The council is considering a series of bills that would allow East Baltimore Development Inc., the nonprofit organization created by the city to manage the project, to borrow $85 million to begin the second phase of development -- which will include a school, new housing and the renovation of existing rowhouses.

More than a dozen residents turned out to the meeting of the council's taxation and finance committee to discuss their concerns and to urge the city to keep residents in mind as they move forward.

"The residents of East Baltimore have been promised many things over the last few decades," said Leslie Lewis, 41, a lifelong resident of the area who will be relocated for the construction. "There have been other projects that have come through and yet they have all failed. I just wanted to let you see the faces that go along with this bill. ...We deserve to be treated with respect."

EBDI officials say residents have been offered $150,000, on average, to relocate. Those residents are also given priority to move back into the neighborhood once developments are completed. About 300 families will be affected in the second phase.

Low-income residents who wish to move back into the neighborhood and buy a home must use their relocation stipend and then will be eligible for a mortgage in which the monthly payments would not exceed 30 percent of their income.

Second loan

The difference between the two sources of money and the price of the home would be covered by a second loan that would not be paid back until the new owner sells.

If the resident decides to sell, then the principal of the second loan would be paid back along with a portion of the profit from the sale.

"Residents' lives have been on hold for at least the past few years," said Jack Shannon, president and chief executive officer of EBDI, referring to the residents in the second phase of the development who have been waiting to find out whether they will be relocated and when. "We need to move forward now."

Some who spoke at the meeting are members of the Save Middle East Action Committee, a group that represents many of the residents. A spokesman said the affordable housing loans should be structured so that residents will pay a smaller amount -- closer to 15 percent -- of their income, rather than the 30 percent being proposed.

Some said they are concerned that many of those who return will be relegated to refurbished homes, or rentals, rather than more desirable units.

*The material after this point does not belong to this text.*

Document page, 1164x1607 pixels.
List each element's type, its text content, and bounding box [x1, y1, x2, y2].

In all, 1,160 new housing units will be built in the second phase, and about 700 of them will be offered to homebuyers, EBDI officials said.

`Many difficulties'

"We just want justice to prevail," said Donald Gresham, president of the Save Middle East group. "These people have gone through so many difficulties. It doesn't really work with the community. We've got to tell them that it's not working."

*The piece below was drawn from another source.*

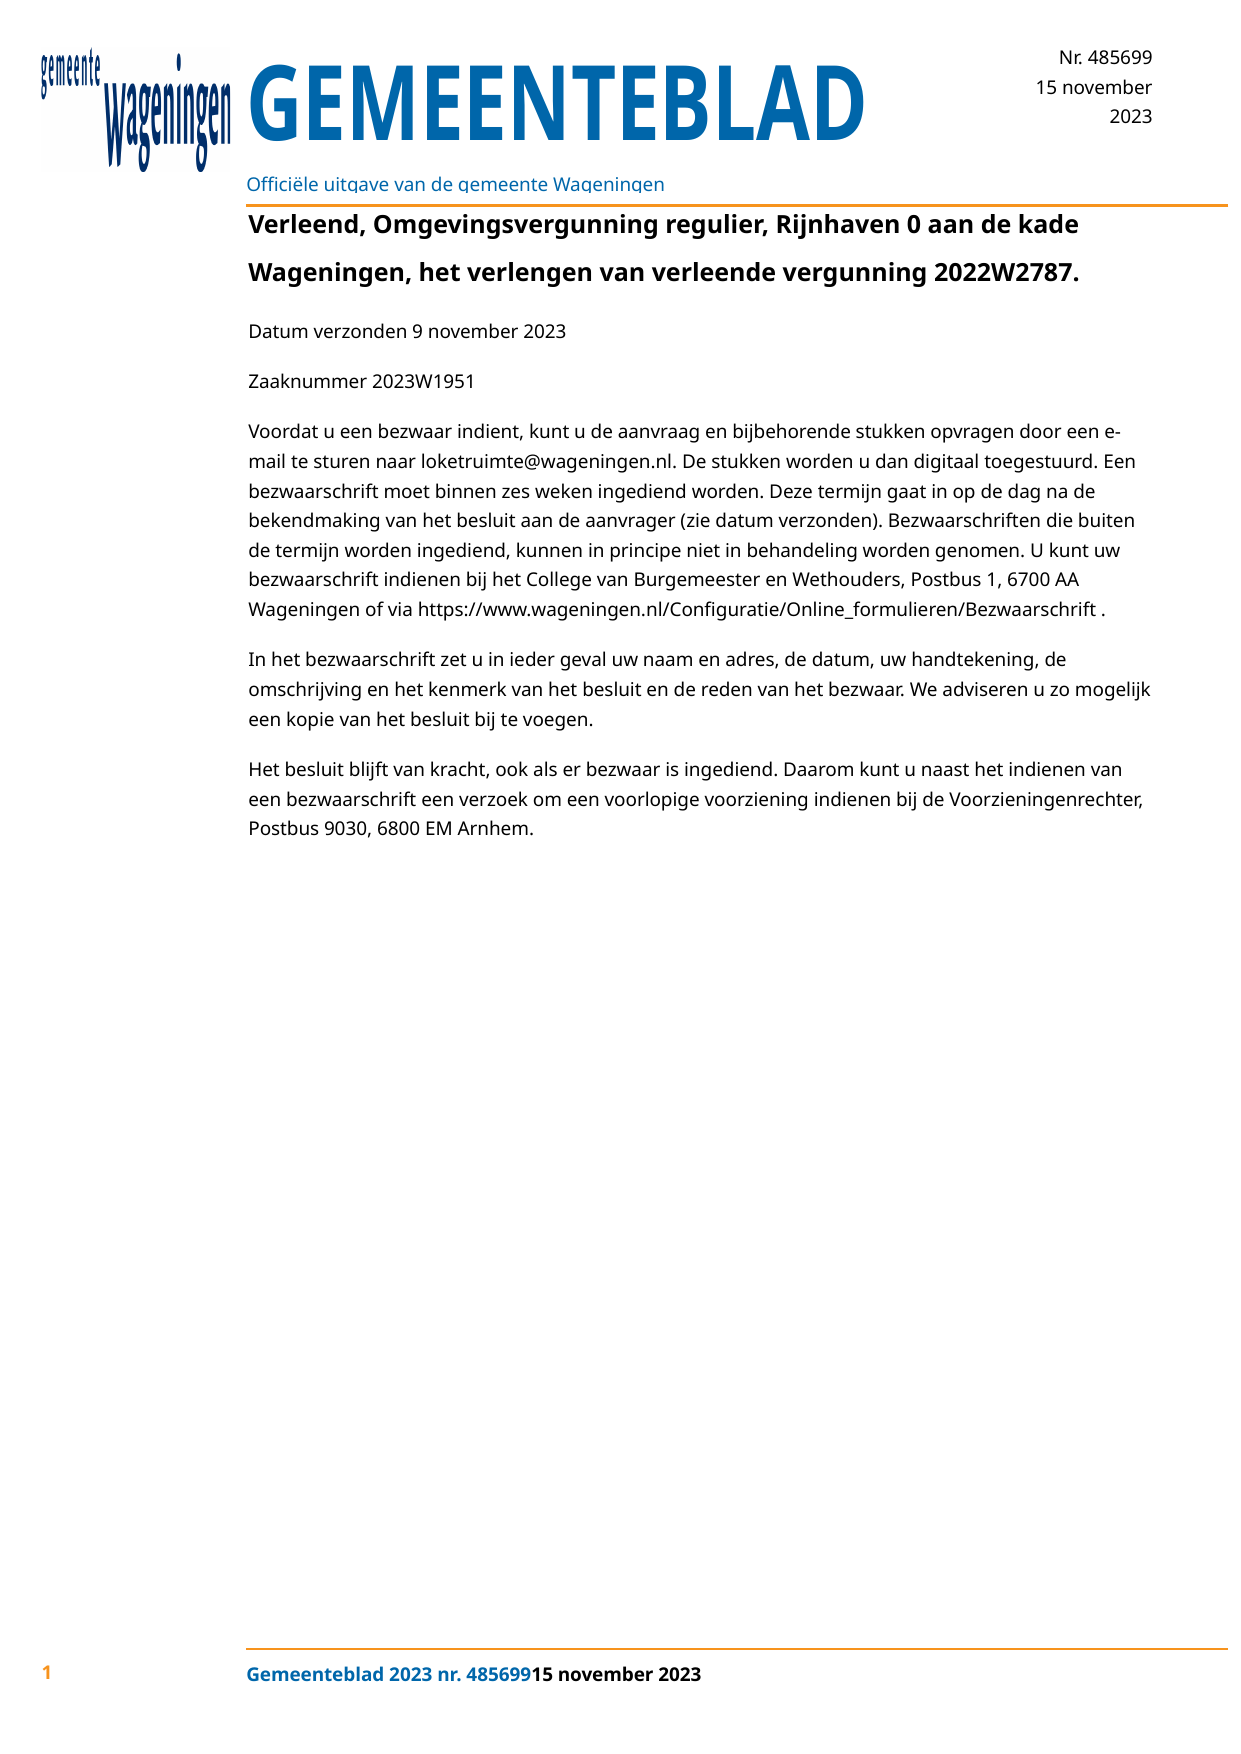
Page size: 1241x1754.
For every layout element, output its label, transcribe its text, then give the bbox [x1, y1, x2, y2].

The package of legislation working its way through the council will create a tax-increment financing district that will be used to pay back the loan. In tax-increment financing, cities borrow money to pay for construction and pay the loan back with the increased value that the completed project adds to the tax base.

A large hotel built on a vacant lot, for instance, increases that property's value for tax purposes, which brings more money into government coffers. The additional money would be used to pay the loan.

In this case, the money would be used to acquire and demolish homes, to pay for relocation and for the school. EBDI officials have said that private investors will pay for housing and other buildings -- though those developers will receive a number of tax incentives.

In addition to housing, the $1.8 billion project includes a nearly 2 million-square-foot privately owned life sciences park, which will be rented by Johns Hopkins and other institutions. The project also includes a senior center, the school and retail space.